▶ [Your assignment]: Could you write out all of the data again, word for word?

▶ [Data]:

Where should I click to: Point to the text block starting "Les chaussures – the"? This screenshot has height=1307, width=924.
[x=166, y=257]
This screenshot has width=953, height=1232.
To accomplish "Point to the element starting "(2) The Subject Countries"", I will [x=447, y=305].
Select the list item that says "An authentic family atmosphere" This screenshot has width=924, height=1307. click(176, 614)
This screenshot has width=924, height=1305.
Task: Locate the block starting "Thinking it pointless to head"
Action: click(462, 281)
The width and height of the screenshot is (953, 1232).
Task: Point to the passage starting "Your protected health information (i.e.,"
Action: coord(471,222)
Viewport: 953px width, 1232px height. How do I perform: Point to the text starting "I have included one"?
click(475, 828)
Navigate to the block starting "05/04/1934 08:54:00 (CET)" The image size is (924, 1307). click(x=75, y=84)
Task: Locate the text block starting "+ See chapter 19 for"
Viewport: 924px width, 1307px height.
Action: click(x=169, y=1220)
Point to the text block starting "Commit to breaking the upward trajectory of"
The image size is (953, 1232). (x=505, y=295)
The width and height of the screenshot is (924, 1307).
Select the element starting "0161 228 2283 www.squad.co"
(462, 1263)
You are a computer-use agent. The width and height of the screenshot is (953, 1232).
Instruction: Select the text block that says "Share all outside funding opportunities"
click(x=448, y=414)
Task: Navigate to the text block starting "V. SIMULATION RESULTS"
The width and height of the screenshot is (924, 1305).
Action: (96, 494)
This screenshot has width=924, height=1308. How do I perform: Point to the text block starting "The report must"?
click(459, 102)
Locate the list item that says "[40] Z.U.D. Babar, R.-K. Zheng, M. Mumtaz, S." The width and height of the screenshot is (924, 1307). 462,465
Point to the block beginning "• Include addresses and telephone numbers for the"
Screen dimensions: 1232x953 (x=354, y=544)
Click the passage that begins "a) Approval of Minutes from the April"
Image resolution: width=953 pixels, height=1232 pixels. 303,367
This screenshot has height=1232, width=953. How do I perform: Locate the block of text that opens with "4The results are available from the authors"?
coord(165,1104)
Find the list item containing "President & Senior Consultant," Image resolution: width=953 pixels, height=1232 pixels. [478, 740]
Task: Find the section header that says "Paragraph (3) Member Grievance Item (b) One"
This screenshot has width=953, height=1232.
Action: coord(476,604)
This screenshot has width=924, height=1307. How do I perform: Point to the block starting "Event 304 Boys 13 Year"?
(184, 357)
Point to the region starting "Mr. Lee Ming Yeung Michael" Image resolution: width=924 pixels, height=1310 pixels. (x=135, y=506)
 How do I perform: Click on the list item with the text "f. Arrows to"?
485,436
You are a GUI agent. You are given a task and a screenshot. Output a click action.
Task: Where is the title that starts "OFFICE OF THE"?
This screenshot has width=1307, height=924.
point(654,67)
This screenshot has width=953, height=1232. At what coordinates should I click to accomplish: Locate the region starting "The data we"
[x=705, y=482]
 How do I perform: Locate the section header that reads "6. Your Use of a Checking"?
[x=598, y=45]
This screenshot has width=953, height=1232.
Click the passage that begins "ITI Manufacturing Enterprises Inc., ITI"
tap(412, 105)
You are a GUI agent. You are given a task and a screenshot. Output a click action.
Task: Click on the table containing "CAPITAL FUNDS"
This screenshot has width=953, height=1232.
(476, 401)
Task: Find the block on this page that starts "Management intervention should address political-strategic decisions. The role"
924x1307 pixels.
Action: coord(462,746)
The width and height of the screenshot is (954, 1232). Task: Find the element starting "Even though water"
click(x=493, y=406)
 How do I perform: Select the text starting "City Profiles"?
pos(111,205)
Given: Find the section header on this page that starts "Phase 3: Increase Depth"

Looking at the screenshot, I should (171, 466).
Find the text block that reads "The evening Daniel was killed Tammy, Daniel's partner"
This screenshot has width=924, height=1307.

▶ [The completed task]:
Where should I click to: Point to the text block starting "Les chaussures – the"? This screenshot has height=1307, width=924.
[x=166, y=257]
This screenshot has width=953, height=1232.
To accomplish "Point to the element starting "(2) The Subject Countries"", I will [x=447, y=305].
Select the list item that says "An authentic family atmosphere" This screenshot has width=924, height=1307. click(176, 614)
This screenshot has width=924, height=1305.
Task: Locate the block starting "Thinking it pointless to head"
Action: click(462, 281)
The width and height of the screenshot is (953, 1232).
Task: Point to the passage starting "Your protected health information (i.e.,"
Action: coord(471,222)
Viewport: 953px width, 1232px height. How do I perform: Point to the text starting "I have included one"?
click(475, 828)
Navigate to the block starting "05/04/1934 08:54:00 (CET)" The image size is (924, 1307). click(x=75, y=84)
Task: Locate the text block starting "+ See chapter 19 for"
Viewport: 924px width, 1307px height.
Action: click(x=169, y=1220)
Point to the text block starting "Commit to breaking the upward trajectory of"
The image size is (953, 1232). (x=505, y=295)
The width and height of the screenshot is (924, 1307).
Select the element starting "0161 228 2283 www.squad.co"
(462, 1263)
You are a computer-use agent. The width and height of the screenshot is (953, 1232).
Instruction: Select the text block that says "Share all outside funding opportunities"
click(x=448, y=414)
Task: Navigate to the text block starting "V. SIMULATION RESULTS"
The width and height of the screenshot is (924, 1305).
Action: (96, 494)
This screenshot has width=924, height=1308. How do I perform: Point to the text block starting "The report must"?
click(459, 102)
Locate the list item that says "[40] Z.U.D. Babar, R.-K. Zheng, M. Mumtaz, S." The width and height of the screenshot is (924, 1307). 462,465
Point to the block beginning "• Include addresses and telephone numbers for the"
Screen dimensions: 1232x953 (x=354, y=544)
Click the passage that begins "a) Approval of Minutes from the April"
Image resolution: width=953 pixels, height=1232 pixels. 303,367
This screenshot has height=1232, width=953. How do I perform: Locate the block of text that opens with "4The results are available from the authors"?
coord(165,1104)
Find the list item containing "President & Senior Consultant," Image resolution: width=953 pixels, height=1232 pixels. [478, 740]
Task: Find the section header that says "Paragraph (3) Member Grievance Item (b) One"
This screenshot has width=953, height=1232.
Action: coord(476,604)
This screenshot has width=924, height=1307. How do I perform: Point to the block starting "Event 304 Boys 13 Year"?
(184, 357)
Point to the region starting "Mr. Lee Ming Yeung Michael" Image resolution: width=924 pixels, height=1310 pixels. (x=135, y=506)
 How do I perform: Click on the list item with the text "f. Arrows to"?
485,436
You are a GUI agent. You are given a task and a screenshot. Output a click action.
Task: Where is the title that starts "OFFICE OF THE"?
This screenshot has width=1307, height=924.
point(654,67)
This screenshot has width=953, height=1232. At what coordinates should I click to accomplish: Locate the region starting "The data we"
[x=705, y=482]
 How do I perform: Locate the section header that reads "6. Your Use of a Checking"?
[x=598, y=45]
This screenshot has width=953, height=1232.
Click the passage that begins "ITI Manufacturing Enterprises Inc., ITI"
tap(412, 105)
You are a GUI agent. You are given a task and a screenshot. Output a click action.
Task: Click on the table containing "CAPITAL FUNDS"
This screenshot has width=953, height=1232.
(476, 401)
Task: Find the block on this page that starts "Management intervention should address political-strategic decisions. The role"
924x1307 pixels.
Action: coord(462,746)
The width and height of the screenshot is (954, 1232). Task: Find the element starting "Even though water"
click(x=493, y=406)
 How do I perform: Select the text starting "City Profiles"?
pos(111,205)
Given: Find the section header on this page that starts "Phase 3: Increase Depth"

Looking at the screenshot, I should (171, 466).
Find the text block that reads "The evening Daniel was killed Tammy, Daniel's partner"
This screenshot has width=924, height=1307.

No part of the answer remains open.